À la Cinémathèque française, l’exposition consacrée à Orson Welles touche à sa fin, rappelant combien le cinéaste a bouleversé les codes du récit et du pouvoir au cinéma. Un héritage que prolonge aujourd’hui Francis Ford Coppola avec Megalopolis, projet monumental où se rejoue, près d’un siècle plus tard, la même fascination pour l’ambition, la chute et la démesure.

Il ne reste que quelques jours pour découvrir l’exposition dédiée à Orson Welles à la Cinémathèque française, à Bercy. Une plongée dans l’œuvre et la trajectoire d’un artiste qui, dès ses débuts, a démontré une capacité hors norme à manipuler les formes narratives, les médias et l’imaginaire collectif. Près d’un siècle après ses premiers coups d’éclat, l’ombre de Welles plane toujours sur le cinéma contemporain, jusque dans les projets les plus ambitieux de Francis Ford Coppola.

La panique radiophonique, acte fondateur d’un génie du récit

Avant même de marquer durablement l’histoire du septième art, Orson Welles s’impose comme un maître du récit moderne par la radio. En 1938, son adaptation radiophonique de La Guerre des mondes simule en direct une invasion extraterrestre sur le sol américain. Malgré des avertissements clairs signalant une fiction, la forme adoptée, bulletins d’information, témoignages en temps réel, interruptions dramatiques, crée un effet de réel inédit.

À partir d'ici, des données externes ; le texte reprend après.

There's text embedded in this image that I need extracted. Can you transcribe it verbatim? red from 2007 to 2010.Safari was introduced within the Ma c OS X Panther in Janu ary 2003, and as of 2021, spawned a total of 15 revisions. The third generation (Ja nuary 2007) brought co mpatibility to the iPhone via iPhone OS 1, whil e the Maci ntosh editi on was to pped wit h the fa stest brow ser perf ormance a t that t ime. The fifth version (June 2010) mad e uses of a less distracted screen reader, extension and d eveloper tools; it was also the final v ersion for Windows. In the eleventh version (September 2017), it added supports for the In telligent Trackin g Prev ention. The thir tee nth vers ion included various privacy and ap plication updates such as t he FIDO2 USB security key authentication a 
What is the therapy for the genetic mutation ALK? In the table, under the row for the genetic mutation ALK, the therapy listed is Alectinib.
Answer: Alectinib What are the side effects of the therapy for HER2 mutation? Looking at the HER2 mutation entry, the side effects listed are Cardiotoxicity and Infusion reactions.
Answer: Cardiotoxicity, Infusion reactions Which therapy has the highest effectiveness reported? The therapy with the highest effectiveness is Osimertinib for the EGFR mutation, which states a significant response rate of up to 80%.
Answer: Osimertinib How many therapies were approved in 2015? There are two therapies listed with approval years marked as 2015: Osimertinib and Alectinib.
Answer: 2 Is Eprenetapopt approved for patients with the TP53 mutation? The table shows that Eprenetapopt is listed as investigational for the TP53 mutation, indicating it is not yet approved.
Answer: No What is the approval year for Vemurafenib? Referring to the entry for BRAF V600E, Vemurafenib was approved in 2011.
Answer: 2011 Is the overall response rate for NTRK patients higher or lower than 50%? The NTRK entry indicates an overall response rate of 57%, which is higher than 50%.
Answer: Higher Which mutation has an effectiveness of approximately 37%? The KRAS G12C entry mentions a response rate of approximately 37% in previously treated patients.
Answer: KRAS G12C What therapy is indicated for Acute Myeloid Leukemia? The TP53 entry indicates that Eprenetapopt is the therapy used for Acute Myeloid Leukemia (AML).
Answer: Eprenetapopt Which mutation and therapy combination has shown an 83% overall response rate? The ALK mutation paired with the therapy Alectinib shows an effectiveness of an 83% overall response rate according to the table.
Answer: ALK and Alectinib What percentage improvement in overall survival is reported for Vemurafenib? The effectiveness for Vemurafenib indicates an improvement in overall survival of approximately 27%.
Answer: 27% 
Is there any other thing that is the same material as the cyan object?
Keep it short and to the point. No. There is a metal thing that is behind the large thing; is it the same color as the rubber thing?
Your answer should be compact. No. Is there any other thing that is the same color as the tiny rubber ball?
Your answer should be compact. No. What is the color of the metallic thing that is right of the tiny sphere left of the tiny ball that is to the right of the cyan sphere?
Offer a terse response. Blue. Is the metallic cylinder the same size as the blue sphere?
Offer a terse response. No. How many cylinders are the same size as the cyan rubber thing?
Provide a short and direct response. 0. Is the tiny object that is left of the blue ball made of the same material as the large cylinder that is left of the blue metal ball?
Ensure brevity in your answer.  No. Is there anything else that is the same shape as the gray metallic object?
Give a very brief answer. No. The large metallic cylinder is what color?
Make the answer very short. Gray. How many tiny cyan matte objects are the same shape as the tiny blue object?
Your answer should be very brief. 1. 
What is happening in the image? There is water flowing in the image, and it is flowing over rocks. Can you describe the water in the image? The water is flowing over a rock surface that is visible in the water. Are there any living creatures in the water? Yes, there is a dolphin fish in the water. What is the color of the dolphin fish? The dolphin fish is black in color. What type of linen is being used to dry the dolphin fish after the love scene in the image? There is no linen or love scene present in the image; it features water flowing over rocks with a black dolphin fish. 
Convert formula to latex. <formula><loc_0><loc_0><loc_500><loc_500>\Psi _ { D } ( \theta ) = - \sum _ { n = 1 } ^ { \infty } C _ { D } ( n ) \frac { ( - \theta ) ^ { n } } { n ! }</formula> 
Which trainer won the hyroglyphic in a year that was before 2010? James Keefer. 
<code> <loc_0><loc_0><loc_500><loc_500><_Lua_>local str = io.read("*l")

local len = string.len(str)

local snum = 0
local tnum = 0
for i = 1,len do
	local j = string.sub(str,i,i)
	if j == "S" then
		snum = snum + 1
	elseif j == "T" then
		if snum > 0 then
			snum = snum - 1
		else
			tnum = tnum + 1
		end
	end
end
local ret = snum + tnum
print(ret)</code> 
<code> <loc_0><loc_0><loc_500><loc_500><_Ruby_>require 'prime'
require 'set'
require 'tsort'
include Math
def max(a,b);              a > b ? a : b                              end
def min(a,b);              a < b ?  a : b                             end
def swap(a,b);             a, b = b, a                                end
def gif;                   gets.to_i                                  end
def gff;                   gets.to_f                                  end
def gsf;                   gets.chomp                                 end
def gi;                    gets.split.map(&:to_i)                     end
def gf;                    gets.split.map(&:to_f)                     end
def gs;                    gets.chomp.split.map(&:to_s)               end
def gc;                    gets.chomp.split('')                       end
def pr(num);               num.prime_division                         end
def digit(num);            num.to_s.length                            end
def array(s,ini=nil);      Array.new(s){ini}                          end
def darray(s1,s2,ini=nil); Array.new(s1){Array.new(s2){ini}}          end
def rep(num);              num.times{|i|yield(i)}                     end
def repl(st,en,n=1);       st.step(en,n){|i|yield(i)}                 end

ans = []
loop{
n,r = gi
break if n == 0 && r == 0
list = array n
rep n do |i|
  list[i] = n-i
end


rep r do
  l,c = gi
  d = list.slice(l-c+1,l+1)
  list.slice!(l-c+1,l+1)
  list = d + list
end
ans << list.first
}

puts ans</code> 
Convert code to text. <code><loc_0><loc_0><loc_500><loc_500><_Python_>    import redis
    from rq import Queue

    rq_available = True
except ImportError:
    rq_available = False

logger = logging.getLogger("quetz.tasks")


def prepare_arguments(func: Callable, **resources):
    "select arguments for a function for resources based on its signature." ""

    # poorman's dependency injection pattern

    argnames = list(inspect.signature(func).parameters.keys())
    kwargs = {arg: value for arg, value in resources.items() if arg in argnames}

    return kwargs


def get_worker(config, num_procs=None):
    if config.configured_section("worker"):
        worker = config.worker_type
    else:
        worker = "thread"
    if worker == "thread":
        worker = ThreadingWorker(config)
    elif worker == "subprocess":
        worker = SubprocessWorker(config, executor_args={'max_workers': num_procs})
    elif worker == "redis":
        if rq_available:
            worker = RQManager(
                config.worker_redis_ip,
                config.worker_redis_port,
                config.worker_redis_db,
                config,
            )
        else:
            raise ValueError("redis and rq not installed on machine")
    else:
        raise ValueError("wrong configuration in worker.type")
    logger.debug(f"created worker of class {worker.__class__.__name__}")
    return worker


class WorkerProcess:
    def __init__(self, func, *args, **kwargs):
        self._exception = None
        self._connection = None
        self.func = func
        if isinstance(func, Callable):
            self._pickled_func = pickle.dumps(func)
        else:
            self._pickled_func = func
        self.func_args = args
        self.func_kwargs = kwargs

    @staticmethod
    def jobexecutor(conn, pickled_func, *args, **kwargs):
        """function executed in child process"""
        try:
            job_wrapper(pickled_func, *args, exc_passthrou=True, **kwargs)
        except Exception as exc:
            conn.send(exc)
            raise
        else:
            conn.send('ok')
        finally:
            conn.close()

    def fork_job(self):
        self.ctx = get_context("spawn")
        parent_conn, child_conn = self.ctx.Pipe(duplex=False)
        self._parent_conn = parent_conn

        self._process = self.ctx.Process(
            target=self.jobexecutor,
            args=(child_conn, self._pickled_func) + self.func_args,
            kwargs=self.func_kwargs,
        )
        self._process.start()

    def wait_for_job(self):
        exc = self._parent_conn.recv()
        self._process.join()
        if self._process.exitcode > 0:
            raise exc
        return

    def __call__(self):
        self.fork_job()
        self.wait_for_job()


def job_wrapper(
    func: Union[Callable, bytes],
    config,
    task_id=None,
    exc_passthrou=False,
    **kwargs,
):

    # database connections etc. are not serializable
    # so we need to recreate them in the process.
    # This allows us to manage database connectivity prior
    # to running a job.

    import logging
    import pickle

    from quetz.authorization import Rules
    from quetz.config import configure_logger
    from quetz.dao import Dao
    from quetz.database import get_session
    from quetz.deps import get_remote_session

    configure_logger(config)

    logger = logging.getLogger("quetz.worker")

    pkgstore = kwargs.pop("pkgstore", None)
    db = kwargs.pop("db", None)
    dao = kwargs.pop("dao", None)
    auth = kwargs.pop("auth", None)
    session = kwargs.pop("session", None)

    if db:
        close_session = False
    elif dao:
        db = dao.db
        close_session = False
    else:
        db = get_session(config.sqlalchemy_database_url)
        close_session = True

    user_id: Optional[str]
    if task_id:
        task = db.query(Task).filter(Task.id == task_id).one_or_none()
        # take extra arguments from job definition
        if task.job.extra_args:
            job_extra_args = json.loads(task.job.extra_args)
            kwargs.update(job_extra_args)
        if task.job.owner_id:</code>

Des milliers d’auditeurs croient à l’atterrissage d’extraterrestres dans le New Jersey et quittent précipitamment leur domicile. Cet épisode, longtemps mythifié, révèle surtout la compréhension précoce de Welles des mécanismes de croyance, de pouvoir et de manipulation narrative. Un thème qui irrigue toute son œuvre cinématographique à venir.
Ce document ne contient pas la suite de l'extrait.